The model builds on a previous study by Lake and Lek, who is also an assistant professor of genetics at YSM, for which they generated a mitochondrial data set of 56,434 individuals in collaboration with Lek's former colleagues at the Broad Institute of MIT and Harvard. When the researchers fed that same mitochondrial data into the new model, they were able to quantify constraint - or the absence of change - in mtDNA, confirming the new model's effectiveness in identifying regions with the presence of mutations contributing to mitochondrial disease.
We built a mutational model that was really predictive and gave us the results we had hoped to see. That's when we really knew we had a way forward.
Nicole Lake
To further validate the model, the team augmented their data with that of another large genomic project, the UK Biobank, which contains genetic and health information from half a million participants. When they applied their model to variants from this expanded pool of individuals with mitochondrial disease, their constraint model held up. This, they said, demonstrated the model could be used by other researcher to advance the discovery of mtDNA variation in underlying disease.
"It's about building a model that's robust; that can be verified," said Lek. "That's reliable and reliably predictive."
Many variants found in the mtDNA are referred to as "variants of uncertain significance," which is frustrating to geneticists and the families of people with these diseases, Lake said. "I'm hopeful the tool laid out in this paper provides the information we need, the clues, for reducing these uncertainties in analyzing mtDNA," she said.
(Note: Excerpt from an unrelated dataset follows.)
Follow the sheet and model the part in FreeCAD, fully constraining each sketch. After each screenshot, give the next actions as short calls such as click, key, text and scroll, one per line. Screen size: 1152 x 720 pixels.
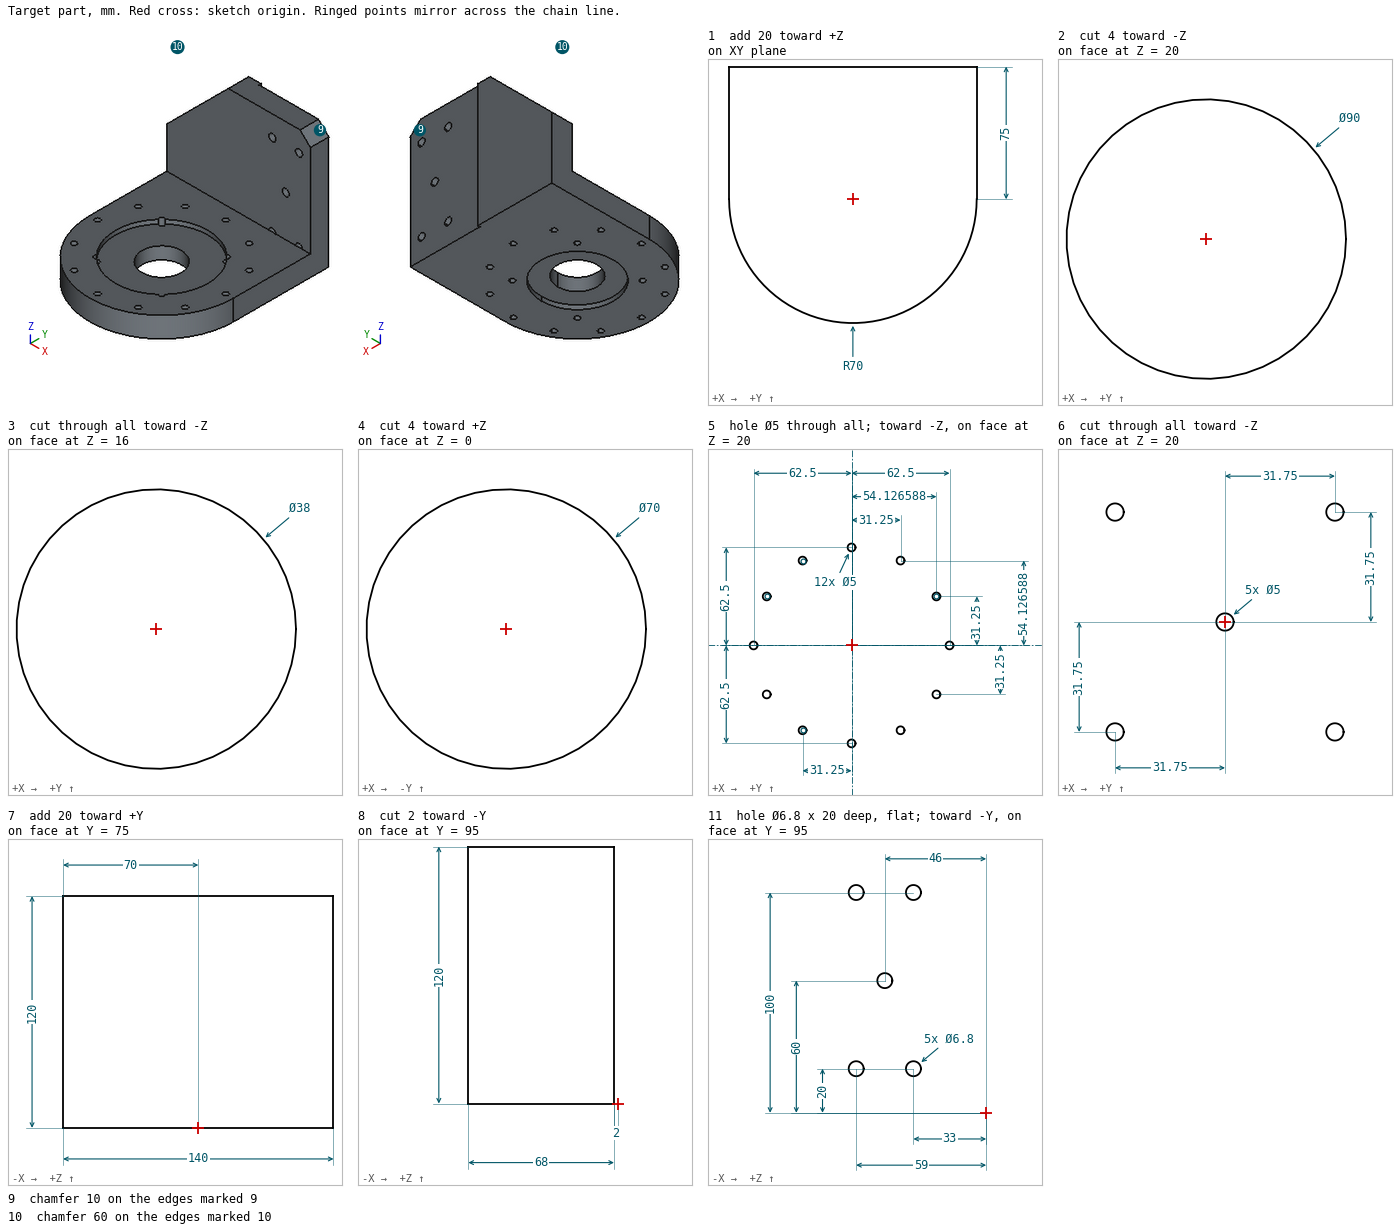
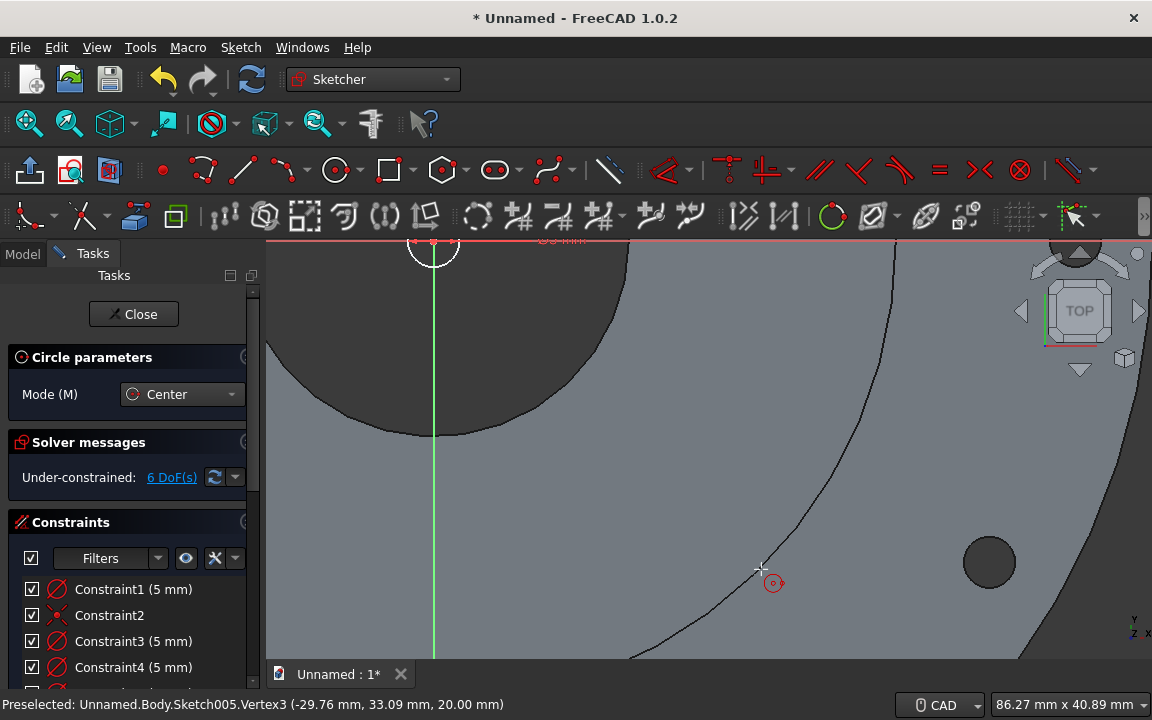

While the breakthrough is hardly a matter of chance, Lake credits a series of serendipitous conversations with helping the team get to their "eureka" moment. In 2020, about a week before the COVID-19 pandemic triggered shutdowns across the world, Lek mentioned the challenges that the researchers were having to Shamil Sunyaev, a computational genomicist and geneticist at Harvard. Sunyaev, who had been invited to speak at Yale's Department of Genetics, noted a similar problem he and his colleagues at the Broad Institute had encountered researching cancer genetics - a challenge they addressed using a composite likelihood model.
"All credit to Nicole," said Lek. "I said 'what do you think?' and she ran with it."
With the world shut down, Lake and Lek began meeting virtually with Sunyaev, who listened to their ideas and raised questions. As the project progressed, they brought in Dan Arking, a professor of genetic medicine at Johns Hopkins University, and other experts to help analyze their mtDNA data set - now part of gnomAD, a large, open-source international genomic database - and the data from the UK Biobank.
"We built a mutational model that was really predictive and gave us the results we had hoped to see," said Lake. "That's when we really knew we had a way forward."
Added Lek: "We made sure to incorporate as many perspectives as possible. The best work is done in collaboration."
Lake sees their breakthrough model as a first-generation tool and is thrilled that it will be freely accessible to scientists across the globe.
"This is an important advance but there is exciting potential to expand," she said. "This has been a somewhat overlooked part of our genome and it's a part of our genome that really matters. There is a lot more to learn there."
The international team of researchers also included Kaiyue Ma, Kenneth K. Ng, Justin Cohen, and Hongyu Zhao, all from Yale School of Medicine.